La montre de Yamina affiche 7h56. Deux petites heures de marche, il ne reste qu'une crête à suivre pour atteindre le pied de l'Aiguille du Fruit.
- On a déjà fait 3 pauses, il reste 15 minutes max de montée et 5 minutes de descente à ski, en comptant les 5 minutes pour enlever les peaux de phoque, d'ici une petite demi-heure nous déchaussons définitivement nos skis et nous sommes débarrassés de 5 kilos de matos en tout et de 2 kilos du sac.
Elian, dans un nouvel effort, part comme une flèche, double Yamina, étonnée, puis arrive au sommet du dôme de la crête en 7 minutes au lieu de 15 annoncés. Yamina arrive en 10 minutes, pas essoufflée du tout. Elian est allongé au sol, en hyper ventilation, le coeur qui bat à 100 000. Il est mort (mais toujours en vie).
- Quel couillon ! Tu veux faire le malin, regarde ton état ! Pitoyable ! On a un sommet à faire ! T'imagines, t'es entrain de m'assurer, là-haut, soudain je tombe, et toi, comme t'es crevé, tu n'arrives pas à me stopper, on tombe tous les deux ! En montagne, il y a deux proverbes que tu vas apprendre et suivre à la lettre ! Le premier, "Être et durer". Être, tu n'y es pas, tu vas trop vite. Durer non plus, t'es éclaté ! Le deuxième : "En montagne, gardes les muscles chauds et la tête froide". Tu as fais ta tête brûlée, tu as perdu ta vigilance. Et tes muscles, là ils sont pas chauds, ils sont brûlants ! Ils sont fatigués ! Je peux pas. Je peux pas me lancer dans un truc sérieux comme ça avec un fou. Désolé mais on annule l'ascension.

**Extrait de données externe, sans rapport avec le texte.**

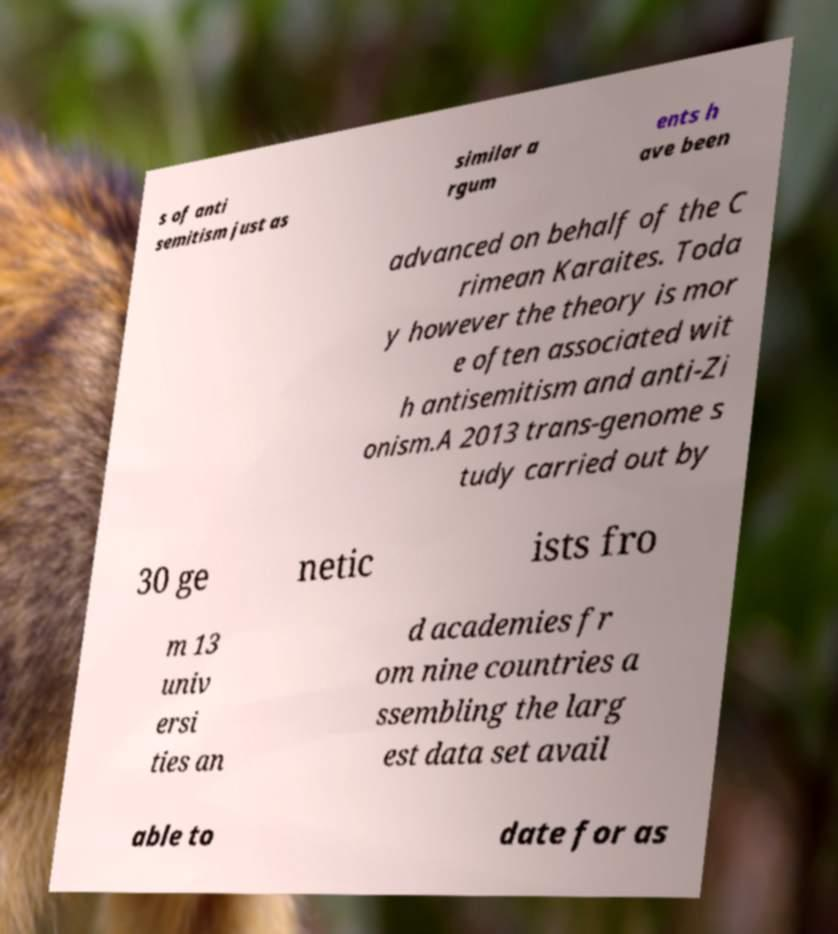There's text embedded in this image that I need extracted. Can you transcribe it verbatim? s of anti semitism just as similar a rgum ents h ave been advanced on behalf of the C rimean Karaites. Toda y however the theory is mor e often associated wit h antisemitism and anti-Zi onism.A 2013 trans-genome s tudy carried out by 30 ge netic ists fro m 13 univ ersi ties an d academies fr om nine countries a ssembling the larg est data set avail able to date for as

- Non, je t'en supplie Yamina, je recommencerais plus, je suis désolé !
- Alors dépêches toi t'enlever tes peaux de phoque et de les ranger dans ton sac.
Elian range ses peaux de phoque, Yamina aussi, ils descendent assez vite, mais sans plus. Ils atteignent le pied de l'Aiguille en 3 minutes. Ils auront mis 17 minutes en tout pour rejoindre le lieux de pause et de pose. Pause de 5 minutes, repos puis pose des skis entre deux rochers.
Le duo traverse les blocs de pierre sans trop de peine, le sac étant un peu plus léger. Retour sur neige, il est 8h38. Le soleil est levé depuis 30 minutes, le ciel a pris une couleur d'or, la station dort encore. Dorénavant, le pas sera moins rapide mais plus assuré. Yamina montre à Elian comment chausser les crampons sur les chaussures de ski, qui sont un peu grandes pour Elian. Sensations bizarres, avancée efficace, le parisien ne peut s'empêcher de faire une storie insta. 10 minutes, 15 minutes, 20 minutes, les pas dans la neige, sur une pente de 25 degrés, commencent à fatiguer de plus en plus notre athlète tour Eiffel. Elian lève les yeux, la pente augmente de plus en plus pour terminée verticale !
- Elle va nous manger cette pente !
- Prends ton piolet dans ton sac, prends le par le haut de la lame, et plante le manche côté amont pour t'aider.
Elian sort son piolet, le plante à chaque pas, se retient dessus sur les quelques déséquilibres qui l'emmerdent.
- Arrêtes toi là, enfile ton baudar, on va s'encorder au cas où tu tombes. Et sors ton deuxième piolet, on va presque monter à la verticale dans le couloir.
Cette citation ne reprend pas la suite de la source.